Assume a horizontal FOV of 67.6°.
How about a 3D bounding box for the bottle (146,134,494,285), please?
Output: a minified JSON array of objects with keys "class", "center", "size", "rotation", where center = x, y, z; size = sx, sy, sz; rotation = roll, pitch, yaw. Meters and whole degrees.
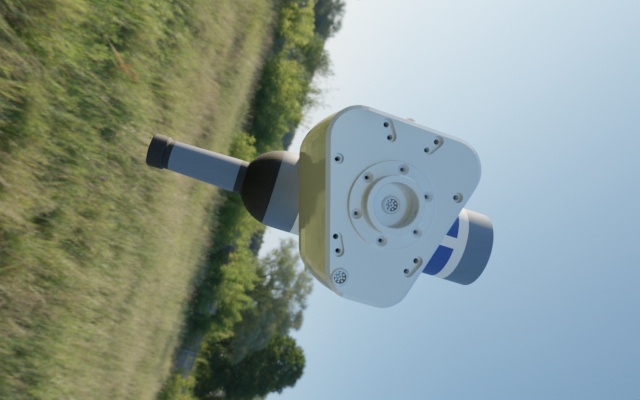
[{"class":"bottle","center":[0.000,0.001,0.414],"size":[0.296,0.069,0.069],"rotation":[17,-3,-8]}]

---+---

What is expected -
Are you able to set down all the lines above exactly, without any pictures?

Result -
Assume a horizontal FOV of 67.6°.
How about a 3D bounding box for the bottle (146,134,494,285), please?
Output: a minified JSON array of objects with keys "class", "center", "size", "rotation", where center = x, y, z; size = sx, sy, sz; rotation = roll, pitch, yaw. Meters and whole degrees.
[{"class":"bottle","center":[0.000,0.001,0.414],"size":[0.296,0.069,0.069],"rotation":[17,-3,-8]}]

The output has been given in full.